> **Directions**:
Return all of the material, keeping each line exactly as it is.

>>>

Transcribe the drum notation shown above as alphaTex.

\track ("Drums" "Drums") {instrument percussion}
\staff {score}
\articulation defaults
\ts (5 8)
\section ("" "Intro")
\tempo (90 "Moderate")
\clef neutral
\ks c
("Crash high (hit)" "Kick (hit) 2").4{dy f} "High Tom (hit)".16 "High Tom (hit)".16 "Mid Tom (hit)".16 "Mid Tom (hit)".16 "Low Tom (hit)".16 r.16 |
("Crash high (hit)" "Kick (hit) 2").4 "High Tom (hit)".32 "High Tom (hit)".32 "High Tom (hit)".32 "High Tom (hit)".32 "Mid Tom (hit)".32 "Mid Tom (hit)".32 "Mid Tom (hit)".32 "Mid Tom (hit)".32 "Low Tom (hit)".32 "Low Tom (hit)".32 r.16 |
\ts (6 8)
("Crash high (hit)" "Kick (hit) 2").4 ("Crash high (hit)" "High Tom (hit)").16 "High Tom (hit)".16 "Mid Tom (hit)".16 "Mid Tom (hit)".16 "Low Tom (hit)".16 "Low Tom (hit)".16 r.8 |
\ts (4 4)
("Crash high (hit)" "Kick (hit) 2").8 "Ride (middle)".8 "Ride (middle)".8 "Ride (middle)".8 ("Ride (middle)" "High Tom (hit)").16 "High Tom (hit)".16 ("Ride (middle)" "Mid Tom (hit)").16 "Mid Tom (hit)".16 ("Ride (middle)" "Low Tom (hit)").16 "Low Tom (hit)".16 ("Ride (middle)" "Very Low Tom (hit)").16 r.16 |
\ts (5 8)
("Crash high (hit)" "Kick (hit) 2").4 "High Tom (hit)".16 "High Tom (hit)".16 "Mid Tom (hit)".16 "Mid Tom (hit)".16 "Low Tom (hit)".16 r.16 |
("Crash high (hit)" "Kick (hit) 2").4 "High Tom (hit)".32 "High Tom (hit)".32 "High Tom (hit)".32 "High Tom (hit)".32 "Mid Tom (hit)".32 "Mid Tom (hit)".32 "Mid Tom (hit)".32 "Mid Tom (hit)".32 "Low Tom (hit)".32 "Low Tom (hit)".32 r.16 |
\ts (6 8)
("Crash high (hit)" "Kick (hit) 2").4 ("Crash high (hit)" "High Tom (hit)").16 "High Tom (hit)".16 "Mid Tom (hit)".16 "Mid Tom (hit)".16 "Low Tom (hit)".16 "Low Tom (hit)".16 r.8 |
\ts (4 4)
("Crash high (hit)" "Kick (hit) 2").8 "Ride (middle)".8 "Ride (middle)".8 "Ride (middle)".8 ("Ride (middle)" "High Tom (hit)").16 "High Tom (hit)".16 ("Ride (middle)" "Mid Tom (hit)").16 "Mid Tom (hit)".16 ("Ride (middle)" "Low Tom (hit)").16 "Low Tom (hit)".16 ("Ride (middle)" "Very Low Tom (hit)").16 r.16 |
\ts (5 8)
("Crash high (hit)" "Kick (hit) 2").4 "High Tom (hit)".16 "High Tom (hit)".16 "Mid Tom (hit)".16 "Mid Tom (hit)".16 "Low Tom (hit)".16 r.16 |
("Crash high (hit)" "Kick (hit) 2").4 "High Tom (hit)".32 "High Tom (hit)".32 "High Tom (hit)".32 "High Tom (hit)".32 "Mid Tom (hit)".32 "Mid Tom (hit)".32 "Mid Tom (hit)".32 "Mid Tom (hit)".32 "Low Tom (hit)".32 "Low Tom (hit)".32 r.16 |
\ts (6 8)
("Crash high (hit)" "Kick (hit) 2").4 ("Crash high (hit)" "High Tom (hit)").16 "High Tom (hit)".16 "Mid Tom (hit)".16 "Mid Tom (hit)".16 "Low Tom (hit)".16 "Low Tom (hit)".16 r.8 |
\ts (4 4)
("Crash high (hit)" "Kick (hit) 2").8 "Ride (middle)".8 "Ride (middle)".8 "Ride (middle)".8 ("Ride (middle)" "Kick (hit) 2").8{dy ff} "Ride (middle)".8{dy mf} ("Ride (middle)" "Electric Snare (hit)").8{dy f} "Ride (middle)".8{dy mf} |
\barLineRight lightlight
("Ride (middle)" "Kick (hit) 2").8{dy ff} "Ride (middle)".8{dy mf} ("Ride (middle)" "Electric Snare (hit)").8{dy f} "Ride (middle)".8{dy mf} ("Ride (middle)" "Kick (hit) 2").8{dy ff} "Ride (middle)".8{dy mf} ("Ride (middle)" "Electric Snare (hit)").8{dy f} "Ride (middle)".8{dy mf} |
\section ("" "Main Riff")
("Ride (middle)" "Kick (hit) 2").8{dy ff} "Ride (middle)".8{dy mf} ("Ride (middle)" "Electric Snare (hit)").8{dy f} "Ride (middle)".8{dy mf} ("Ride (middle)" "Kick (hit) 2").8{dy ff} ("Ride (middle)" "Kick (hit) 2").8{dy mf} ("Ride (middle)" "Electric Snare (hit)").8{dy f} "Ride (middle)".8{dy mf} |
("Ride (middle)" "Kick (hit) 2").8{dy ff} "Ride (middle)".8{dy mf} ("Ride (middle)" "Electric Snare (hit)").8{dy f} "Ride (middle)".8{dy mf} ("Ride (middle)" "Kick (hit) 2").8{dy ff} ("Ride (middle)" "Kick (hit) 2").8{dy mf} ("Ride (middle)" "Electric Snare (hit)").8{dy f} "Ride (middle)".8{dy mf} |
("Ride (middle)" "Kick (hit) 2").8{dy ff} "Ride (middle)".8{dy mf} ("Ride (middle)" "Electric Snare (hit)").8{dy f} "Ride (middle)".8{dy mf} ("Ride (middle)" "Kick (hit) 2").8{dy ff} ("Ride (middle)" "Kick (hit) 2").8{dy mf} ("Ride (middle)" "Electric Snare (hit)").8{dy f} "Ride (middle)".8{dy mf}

<<<

> **Result of the task**:
Transcribe the drum notation shown above as alphaTex.

\track ("Drums" "Drums") {instrument percussion}
\staff {score}
\articulation defaults
\ts (5 8)
\section ("" "Intro")
\tempo (90 "Moderate")
\clef neutral
\ks c
("Crash high (hit)" "Kick (hit) 2").4{dy f} "High Tom (hit)".16 "High Tom (hit)".16 "Mid Tom (hit)".16 "Mid Tom (hit)".16 "Low Tom (hit)".16 r.16 |
("Crash high (hit)" "Kick (hit) 2").4 "High Tom (hit)".32 "High Tom (hit)".32 "High Tom (hit)".32 "High Tom (hit)".32 "Mid Tom (hit)".32 "Mid Tom (hit)".32 "Mid Tom (hit)".32 "Mid Tom (hit)".32 "Low Tom (hit)".32 "Low Tom (hit)".32 r.16 |
\ts (6 8)
("Crash high (hit)" "Kick (hit) 2").4 ("Crash high (hit)" "High Tom (hit)").16 "High Tom (hit)".16 "Mid Tom (hit)".16 "Mid Tom (hit)".16 "Low Tom (hit)".16 "Low Tom (hit)".16 r.8 |
\ts (4 4)
("Crash high (hit)" "Kick (hit) 2").8 "Ride (middle)".8 "Ride (middle)".8 "Ride (middle)".8 ("Ride (middle)" "High Tom (hit)").16 "High Tom (hit)".16 ("Ride (middle)" "Mid Tom (hit)").16 "Mid Tom (hit)".16 ("Ride (middle)" "Low Tom (hit)").16 "Low Tom (hit)".16 ("Ride (middle)" "Very Low Tom (hit)").16 r.16 |
\ts (5 8)
("Crash high (hit)" "Kick (hit) 2").4 "High Tom (hit)".16 "High Tom (hit)".16 "Mid Tom (hit)".16 "Mid Tom (hit)".16 "Low Tom (hit)".16 r.16 |
("Crash high (hit)" "Kick (hit) 2").4 "High Tom (hit)".32 "High Tom (hit)".32 "High Tom (hit)".32 "High Tom (hit)".32 "Mid Tom (hit)".32 "Mid Tom (hit)".32 "Mid Tom (hit)".32 "Mid Tom (hit)".32 "Low Tom (hit)".32 "Low Tom (hit)".32 r.16 |
\ts (6 8)
("Crash high (hit)" "Kick (hit) 2").4 ("Crash high (hit)" "High Tom (hit)").16 "High Tom (hit)".16 "Mid Tom (hit)".16 "Mid Tom (hit)".16 "Low Tom (hit)".16 "Low Tom (hit)".16 r.8 |
\ts (4 4)
("Crash high (hit)" "Kick (hit) 2").8 "Ride (middle)".8 "Ride (middle)".8 "Ride (middle)".8 ("Ride (middle)" "High Tom (hit)").16 "High Tom (hit)".16 ("Ride (middle)" "Mid Tom (hit)").16 "Mid Tom (hit)".16 ("Ride (middle)" "Low Tom (hit)").16 "Low Tom (hit)".16 ("Ride (middle)" "Very Low Tom (hit)").16 r.16 |
\ts (5 8)
("Crash high (hit)" "Kick (hit) 2").4 "High Tom (hit)".16 "High Tom (hit)".16 "Mid Tom (hit)".16 "Mid Tom (hit)".16 "Low Tom (hit)".16 r.16 |
("Crash high (hit)" "Kick (hit) 2").4 "High Tom (hit)".32 "High Tom (hit)".32 "High Tom (hit)".32 "High Tom (hit)".32 "Mid Tom (hit)".32 "Mid Tom (hit)".32 "Mid Tom (hit)".32 "Mid Tom (hit)".32 "Low Tom (hit)".32 "Low Tom (hit)".32 r.16 |
\ts (6 8)
("Crash high (hit)" "Kick (hit) 2").4 ("Crash high (hit)" "High Tom (hit)").16 "High Tom (hit)".16 "Mid Tom (hit)".16 "Mid Tom (hit)".16 "Low Tom (hit)".16 "Low Tom (hit)".16 r.8 |
\ts (4 4)
("Crash high (hit)" "Kick (hit) 2").8 "Ride (middle)".8 "Ride (middle)".8 "Ride (middle)".8 ("Ride (middle)" "Kick (hit) 2").8{dy ff} "Ride (middle)".8{dy mf} ("Ride (middle)" "Electric Snare (hit)").8{dy f} "Ride (middle)".8{dy mf} |
\barLineRight lightlight
("Ride (middle)" "Kick (hit) 2").8{dy ff} "Ride (middle)".8{dy mf} ("Ride (middle)" "Electric Snare (hit)").8{dy f} "Ride (middle)".8{dy mf} ("Ride (middle)" "Kick (hit) 2").8{dy ff} "Ride (middle)".8{dy mf} ("Ride (middle)" "Electric Snare (hit)").8{dy f} "Ride (middle)".8{dy mf} |
\section ("" "Main Riff")
("Ride (middle)" "Kick (hit) 2").8{dy ff} "Ride (middle)".8{dy mf} ("Ride (middle)" "Electric Snare (hit)").8{dy f} "Ride (middle)".8{dy mf} ("Ride (middle)" "Kick (hit) 2").8{dy ff} ("Ride (middle)" "Kick (hit) 2").8{dy mf} ("Ride (middle)" "Electric Snare (hit)").8{dy f} "Ride (middle)".8{dy mf} |
("Ride (middle)" "Kick (hit) 2").8{dy ff} "Ride (middle)".8{dy mf} ("Ride (middle)" "Electric Snare (hit)").8{dy f} "Ride (middle)".8{dy mf} ("Ride (middle)" "Kick (hit) 2").8{dy ff} ("Ride (middle)" "Kick (hit) 2").8{dy mf} ("Ride (middle)" "Electric Snare (hit)").8{dy f} "Ride (middle)".8{dy mf} |
("Ride (middle)" "Kick (hit) 2").8{dy ff} "Ride (middle)".8{dy mf} ("Ride (middle)" "Electric Snare (hit)").8{dy f} "Ride (middle)".8{dy mf} ("Ride (middle)" "Kick (hit) 2").8{dy ff} ("Ride (middle)" "Kick (hit) 2").8{dy mf} ("Ride (middle)" "Electric Snare (hit)").8{dy f} "Ride (middle)".8{dy mf}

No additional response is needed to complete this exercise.